Через день после нашего с Эмили возвращения в Эвенвуд Сьюки принесла мне письмо от мадам. Уже уходя, она вдруг нерешительно остановилась у двери, а потом повернулась ко мне, заливаясь густой краской, и жалобно проговорила:

— Пожалуйста, мисс Алиса, можно спросить вас кой о чем.

— Ну конечно! — Меня не на шутку встревожило расстроенное личико Сьюки, обычно веселой и улыбчивой. — Что стряслось? Поди сюда, милая, и расскажи, в чем дело.

— Я хочу знать, дурно ли я поступила, взяв вот это.

Она вынула из кармана фартука замусоленный листок бумаги и протянула мне.
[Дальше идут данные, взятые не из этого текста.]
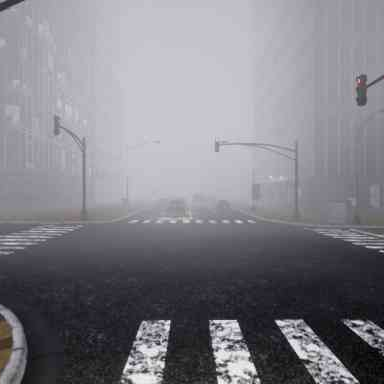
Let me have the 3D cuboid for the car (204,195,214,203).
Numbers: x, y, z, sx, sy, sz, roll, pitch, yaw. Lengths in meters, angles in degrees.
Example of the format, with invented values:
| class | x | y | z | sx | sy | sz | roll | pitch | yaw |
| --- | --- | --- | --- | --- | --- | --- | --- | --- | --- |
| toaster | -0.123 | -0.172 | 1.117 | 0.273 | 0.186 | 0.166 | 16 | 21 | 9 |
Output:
| class | x | y | z | sx | sy | sz | roll | pitch | yaw |
| --- | --- | --- | --- | --- | --- | --- | --- | --- | --- |
| car | 3.564 | 1.432 | 69.477 | 1.967 | 1.590 | 4.097 | 0 | 0 | 0 |

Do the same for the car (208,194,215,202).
| class | x | y | z | sx | sy | sz | roll | pitch | yaw |
| --- | --- | --- | --- | --- | --- | --- | --- | --- | --- |
| car | 3.603 | 1.313 | 63.949 | 2.192 | 1.841 | 5.009 | 0 | 0 | 0 |

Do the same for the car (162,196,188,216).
| class | x | y | z | sx | sy | sz | roll | pitch | yaw |
| --- | --- | --- | --- | --- | --- | --- | --- | --- | --- |
| car | -1.593 | 1.494 | 33.326 | 1.882 | 1.535 | 5.008 | 0 | 0 | 0 |

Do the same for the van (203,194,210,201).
| class | x | y | z | sx | sy | sz | roll | pitch | yaw |
| --- | --- | --- | --- | --- | --- | --- | --- | --- | --- |
| van | 3.485 | 1.321 | 80.532 | 1.690 | 1.788 | 3.998 | 0 | 0 | 0 |

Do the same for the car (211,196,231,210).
| class | x | y | z | sx | sy | sz | roll | pitch | yaw |
| --- | --- | --- | --- | --- | --- | --- | --- | --- | --- |
| car | 3.809 | 1.579 | 41.841 | 1.947 | 1.339 | 4.313 | 0 | 0 | 0 |

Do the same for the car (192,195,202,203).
| class | x | y | z | sx | sy | sz | roll | pitch | yaw |
| --- | --- | --- | --- | --- | --- | --- | --- | --- | --- |
| car | 0.974 | 1.512 | 73.183 | 2.128 | 1.511 | 4.902 | 0 | 0 | 0 |

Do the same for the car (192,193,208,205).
| class | x | y | z | sx | sy | sz | roll | pitch | yaw |
| --- | --- | --- | --- | --- | --- | --- | --- | --- | --- |
| car | 1.187 | 1.215 | 57.664 | 2.150 | 2.045 | 5.566 | 0 | -1 | -1 |

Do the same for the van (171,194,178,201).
| class | x | y | z | sx | sy | sz | roll | pitch | yaw |
| --- | --- | --- | --- | --- | --- | --- | --- | --- | --- |
| van | -4.434 | 1.315 | 86.003 | 1.690 | 1.788 | 3.998 | 0 | 0 | 0 |

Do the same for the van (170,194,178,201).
| class | x | y | z | sx | sy | sz | roll | pitch | yaw |
| --- | --- | --- | --- | --- | --- | --- | --- | --- | --- |
| van | -4.395 | 1.321 | 80.476 | 1.690 | 1.788 | 3.998 | 0 | 0 | 0 |

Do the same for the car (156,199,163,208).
| class | x | y | z | sx | sy | sz | roll | pitch | yaw |
| --- | --- | --- | --- | --- | --- | --- | --- | --- | --- |
| car | -4.160 | 1.592 | 47.311 | 1.802 | 1.307 | 4.206 | 0 | 0 | 0 |

— Я нашла это в платье, которое миледи велела мне убрать к другим нарядам, что мы перенесли из старой гардеробной в южном крыле, когда там протекла крыша, — пояснила девушка. — Оно красивое и почти ненадеванное, но госпожа сказала, мол, ей цвет не нравится и она больше не станет его носить. Я, значит, платье-то забрала, а потом из одного кармана выпал гребень — красивый такой черепаховый гребень с перламутровой инкрустацией. Понятно, я решила обыскать остальные карманы, не осталось ли и в них чего. Ну и нашла письмо. О, мисс Алиса, я его прочитала, хотя и понимала, что не следует. Я нехорошо поступила, конечно, ведь я сразу увидела, что оно адресовано ее светлости. Но когда я начала, мне уже было не остановиться. Оно такое чудное, хотя и непонятное… А потом, когда на святки сюда наведывался Альф Галли — для меня он так и остался Альфом Галли, даром что теперь заделался важной птицей в сыскном бюро, мы ведь с ним росли вместе… так вот, Альф Галли велел примечать, не появляются ли здесь какие чужаки, и я тотчас вспомнила, как Чарли Скиннер говорил, что однажды вечером видел незнакомую старуху, она прохаживалась по Библиотечной террасе вместе с миледи… В общем, я тогда сразу подумала, что эта-то старуха, верно, и написала письмо. Не знаю почему, но я ничего не сказала Альфу Галли. Я боялась, у меня выйдут неприятности из-за письма, ну и спрятала его обратно под матрас. Но оно все не давало мне покоя, мисс Алиса, и наконец я не выдержала и рассказала про него матушке, а она велела отдать письмо вам, дескать, вы сумеете правильно им распорядиться. Вот оно. Я дурно поступила, да? Пожалуйста, скажите мне.

— Нет, Сьюки. — Я ласково взяла славную девушку за руку, чтобы успокоить. — Ты не сделала ничего плохого. А если и провинилась, то самую малость и уже загладила свою вину. А теперь беги, голубушка, и не переживай больше. Я решу, как лучше поступить.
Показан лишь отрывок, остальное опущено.